Attack capital at its heart

This is the text of a leaflet that was distributed by Workers Liberty at the S11-13 blockade of the World Economic Forum, Crown Casino, Melbourne.

From the World Economic Forum, the bosses of global capital will go away to push forward their plans for profit. What will we do? Here are some suggestions:

1. Stay united.

The bosses of the big corporations represented at the WEF do not just come together to promote the cause of profit once in a while at special occasions. They do it every day. If the alliances built around S11-12 are allowed to fragment again into dispersed campaigns and one-off actions, it will weaken us. The movement is diverse. There is no point denying that. Only by making room for proper open political debate among us will we develop a common strategy to unify large numbers. In the meantime compromises will be necessary. But there are plenty of possibilities for united activity. We need to build a movement as multifarious, as nimble-footed, as little limited to set-piece spectaculars, as capital itself, and one which also is capable of drawing in and offering channels of involvement to every worker and to every person willing to ally themselves to the working class in the great worldwide struggle between capital and labour.

2. Capital is most vulnerable at its heart, where it is produced.

The power, the riches, and the new technologies of modern capital are produced not by financial speculators or sharp sales managers, but by the collective efforts of workers of many sorts. The profiteers appear as the active agent of the whole process only because they can sustain a social order in which the cooperation of labour and science can be expressed only through the presiding voice of capital. As soon as workers become even halfway conscious that we, not capital, are the creative force - and that we can stop capital's flow of profit whenever we have enough solidarity, organisation and determination to stop production - the rule of capital is limited or endangered.

3. Day to day struggles.

A drive to take on capital, not just in its assembly halls and ceremonial chambers, but in the clatter and roar of its production lines, means taking our cue not just from headline events in the capitalist media, but also and primarily from the concerns of working-class people in their daily struggles. It means a strategic priority for helping and developing rank and file movements in the unions and workplaces. Many activists other than trade unionists can contribute to this, supporting struggles, building campaigns, making connections. It also means organising working people in their community battles and arguing for the unions to take up the issues of all the oppressed.

4. Global solidarity.

In the 21st century, capital is being reproduced much larger on a world scale; but so is working-class resistance. In South Korea, Brazil, Taiwan, South Africa, Zimbabwe, Indonesia and other countries, assertive new workers' movements have emerged. They have fought not just on wages and hours, but on wider issues, as in the Korean unions' recent strikes against sexual harassment and the Brazilian Workers' Party's stand for lesbian and gay rights. Our solidarity should be global. Our cause is not anti-globalist, but anti-capitalist. Against capitalist free trade, we advocate not national protectionism, or renewed economic barriers between countries, but an international alliance to level up working-class conditions across the world and to bring global wealth under common ownership and democratic planning.
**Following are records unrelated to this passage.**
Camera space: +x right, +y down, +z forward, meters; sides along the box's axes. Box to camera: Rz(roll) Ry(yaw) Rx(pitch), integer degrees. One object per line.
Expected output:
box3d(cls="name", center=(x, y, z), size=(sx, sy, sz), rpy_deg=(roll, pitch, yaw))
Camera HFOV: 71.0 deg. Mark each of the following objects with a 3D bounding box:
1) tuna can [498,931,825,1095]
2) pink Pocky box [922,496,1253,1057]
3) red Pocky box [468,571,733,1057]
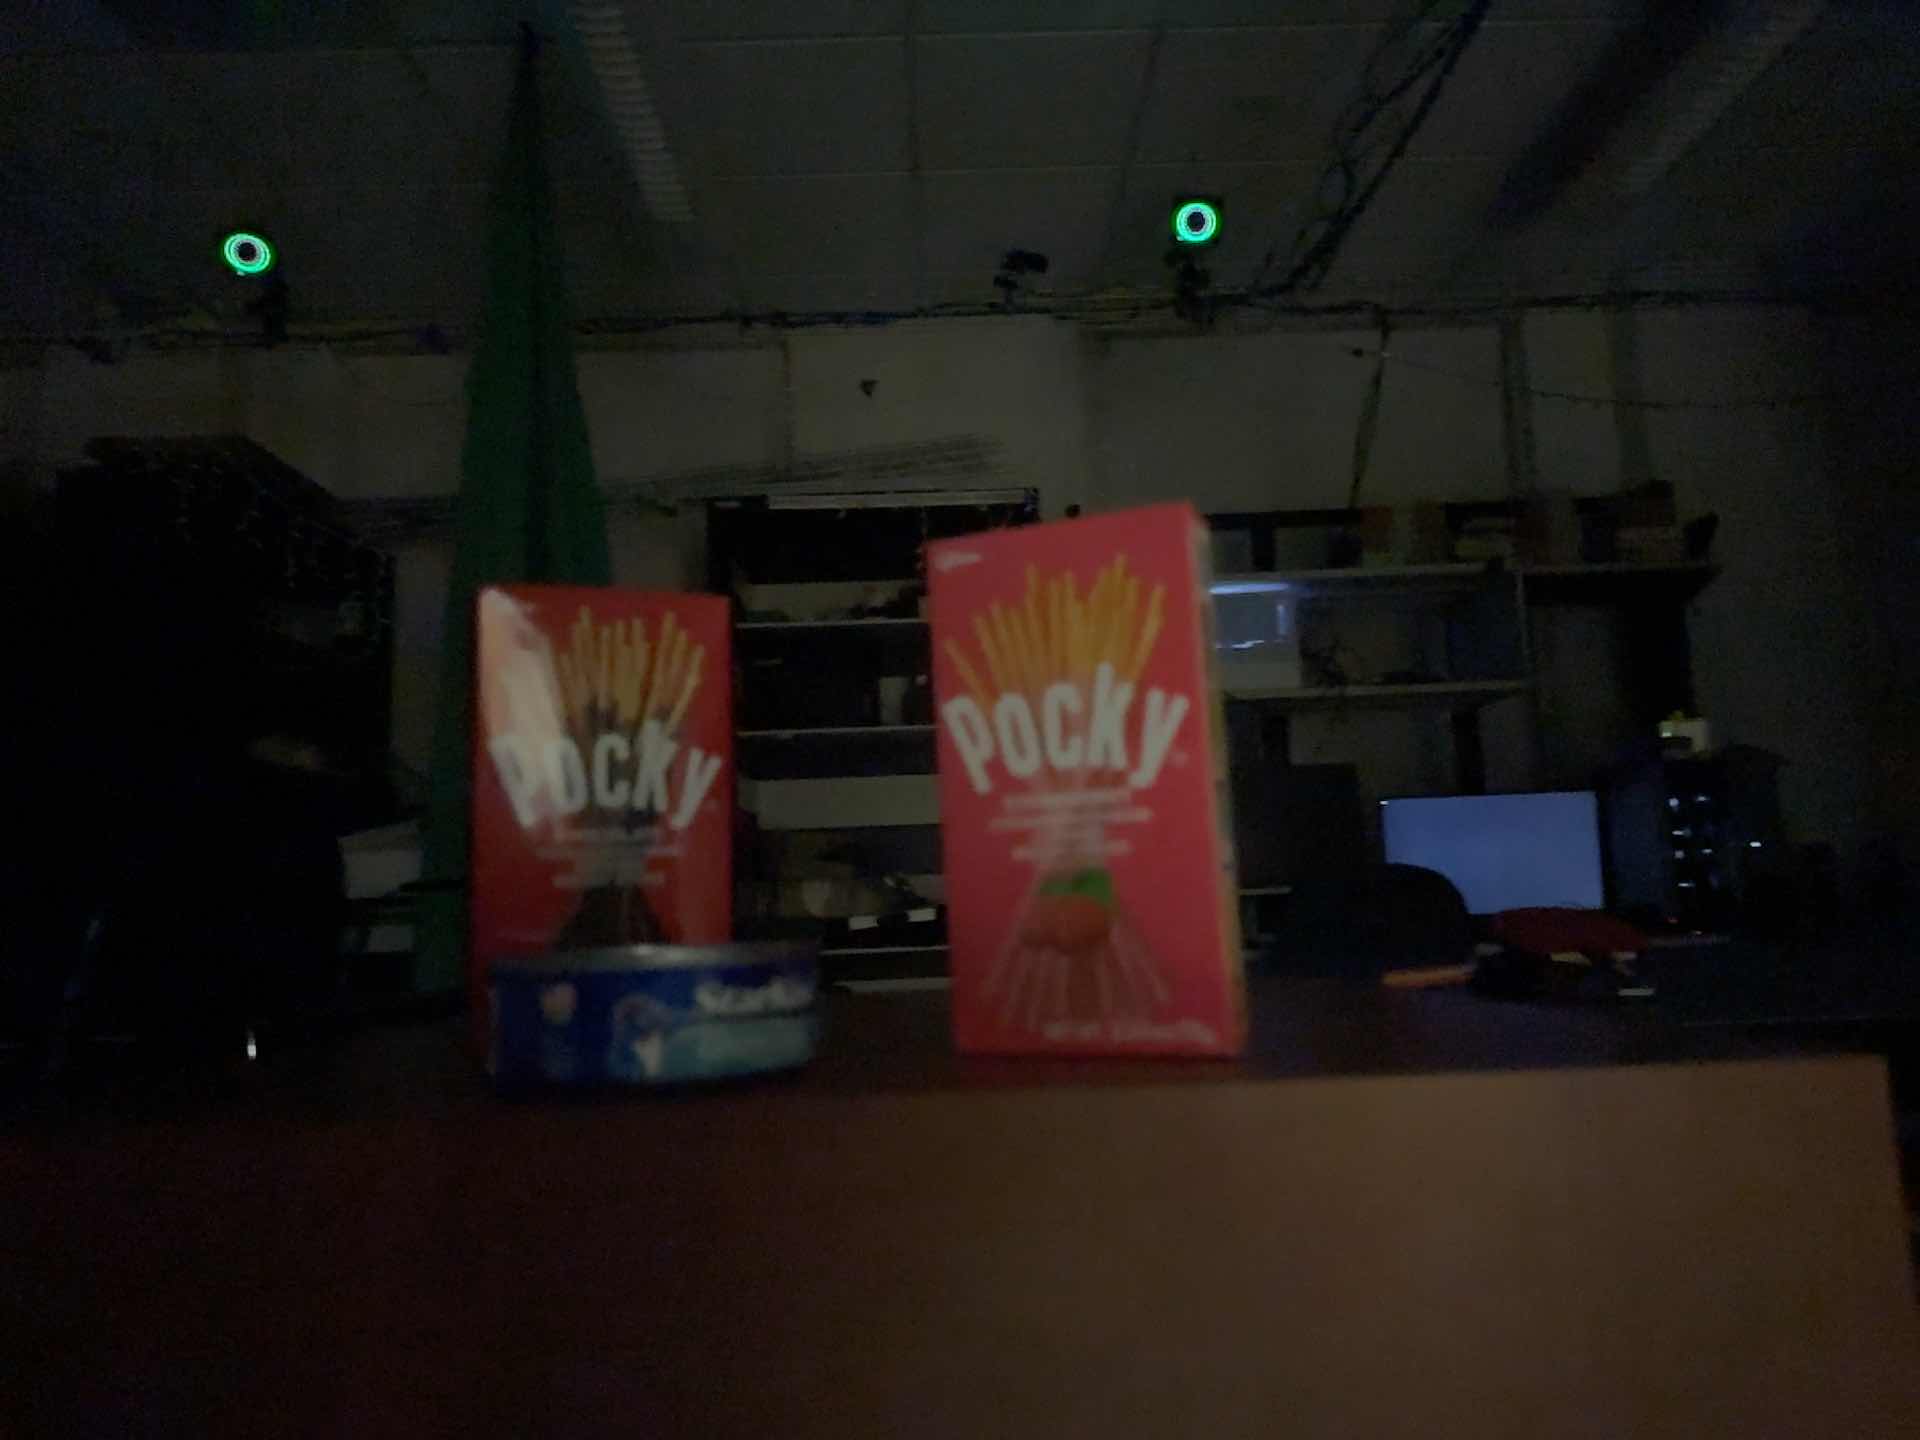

5. Organise the activists.

The movement cannot afford to be dependent on analysis and information from sympathetic but more or less detached academics and journalists. Activists themselves need to develop core groups which can combine activism with intensive analysis, research, self-education and study. Capital can push ahead "instinctively" without any strategy beyond its inbuilt priority of the bottom line. We have to depend on the clarity of our awareness, vision, and strategic long view to give shape and strength to our efforts. We are for the strengthening of the organised revolutionary socialist groups in the movement - in the first place our own, Workers' Liberty - and for debate, dialogue and cooperation between them to build a revolutionary socialist party.